Через час, три, пять часов Борисихина домой не явилась. А от отца ушла, как и договаривались, через часок, умывшись, поставив на место глаза, губы, брови. Около девяти вечера Борисихину видели с каким-то хромым мужичонкой. Их отношения позволяли предположить, что познакомились они недавно, возможно, в этот же вечер. Они толкались у гастронома, у бакалейного отдела торгового центра, у ресторана, то есть в местах, где можно было рассчитывать на выпивку. В девять вечера на улицах уже темно и пустынно, разговор Борисихиной с хромым слышен был за квартал.
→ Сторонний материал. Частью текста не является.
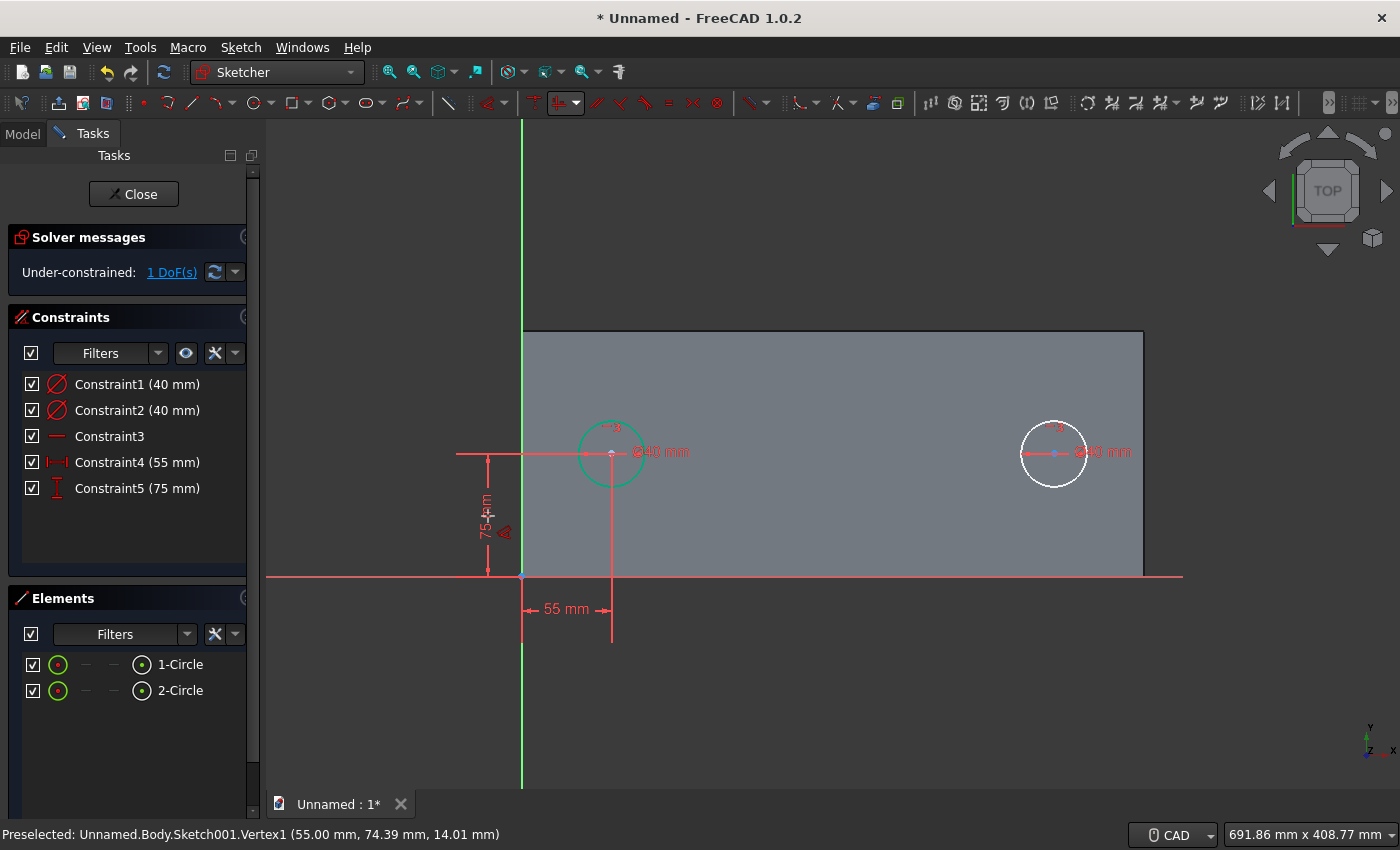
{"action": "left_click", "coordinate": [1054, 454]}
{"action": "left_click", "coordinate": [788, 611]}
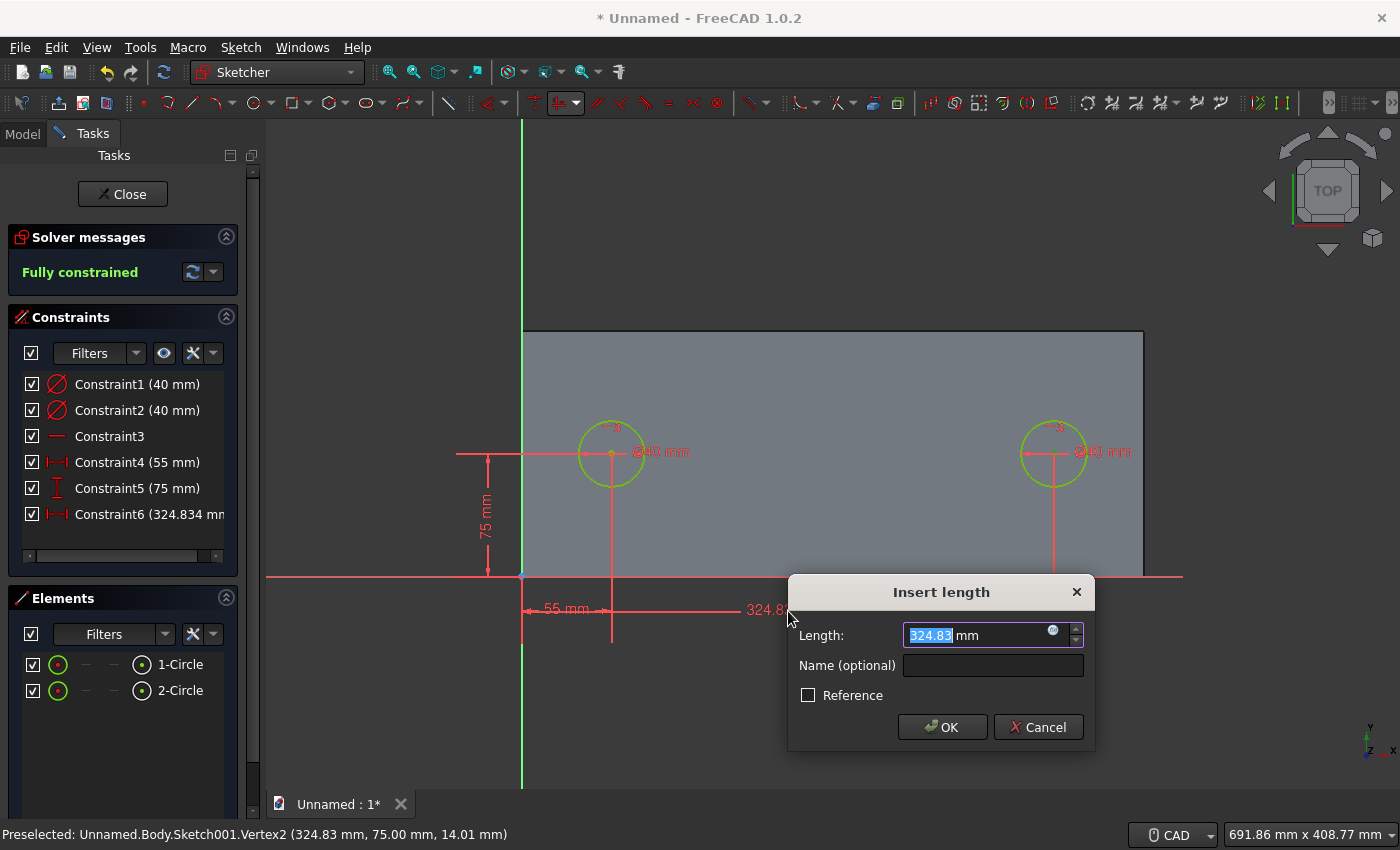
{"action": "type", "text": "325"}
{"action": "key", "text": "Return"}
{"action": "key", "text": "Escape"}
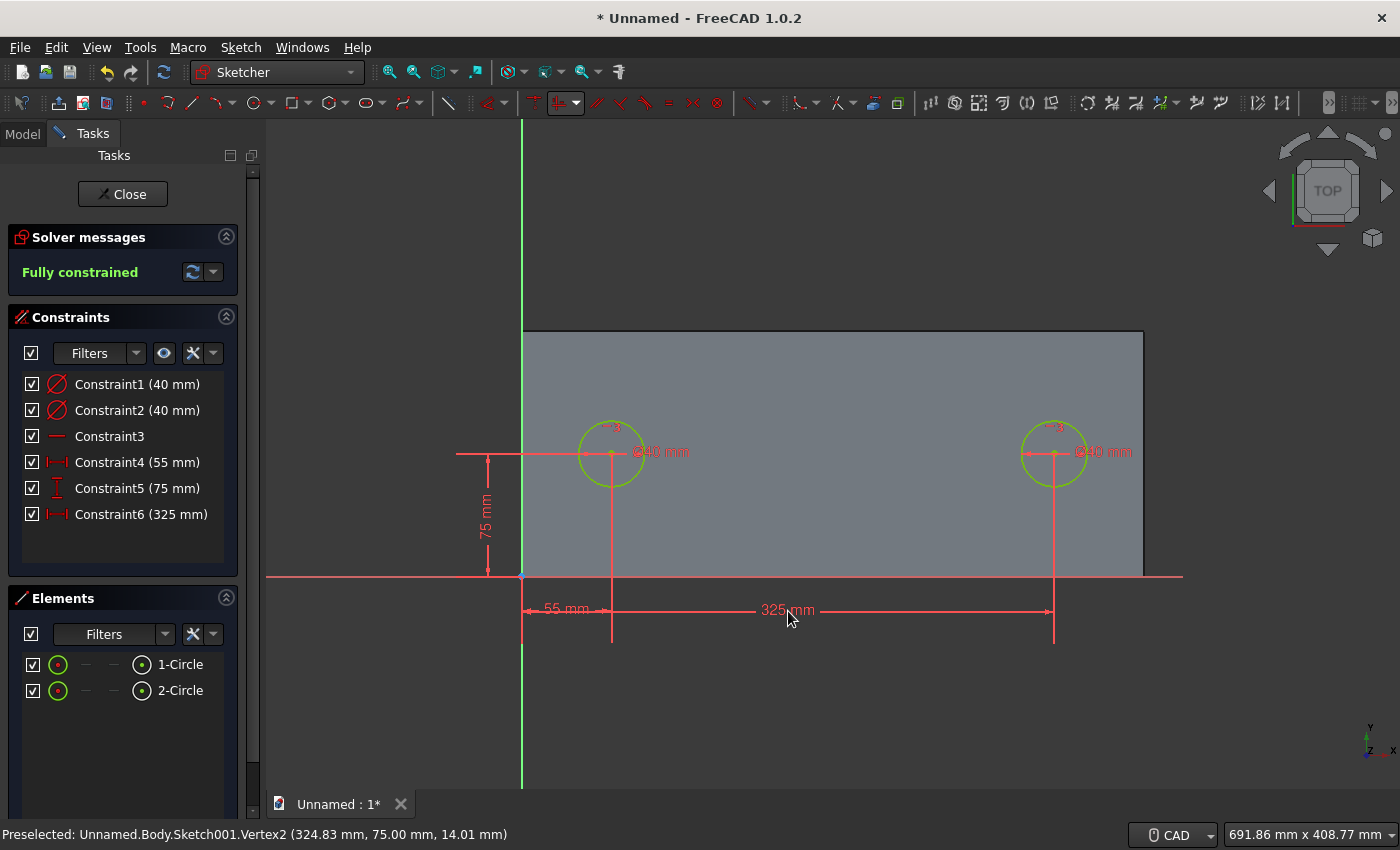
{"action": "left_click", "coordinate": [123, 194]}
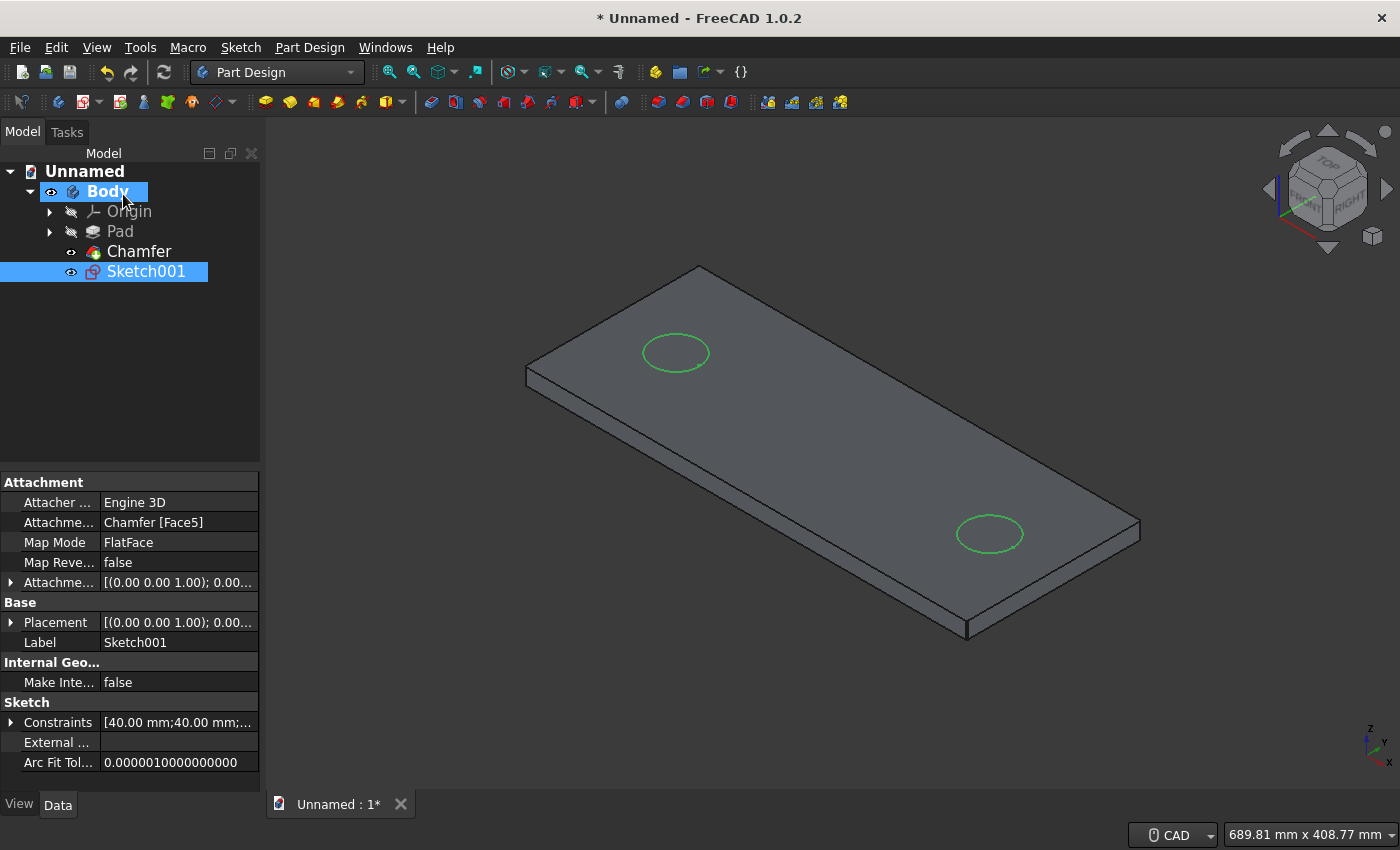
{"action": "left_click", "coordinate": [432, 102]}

Похоже, она не заметила ни хромоты своего попутчика, ни его усталости, заметила, осознала, что были у него деньги и что не прочь он опрокинуть стаканчик-другой.
Когда добрели до ресторана, Борисихина вошла внутрь, а хромой остался ждать на ступеньках. А через час, когда терпение его кончилось, он решился заглянуть и увидел, что Борисихина пьет прямо из бутылки, купленной на его кровные деньги. Единственное, что утешило бедолагу,— еще две бутылки у Борисихиной плескались на дне авоськи, посверкивая в свете ночных весенних фонарей.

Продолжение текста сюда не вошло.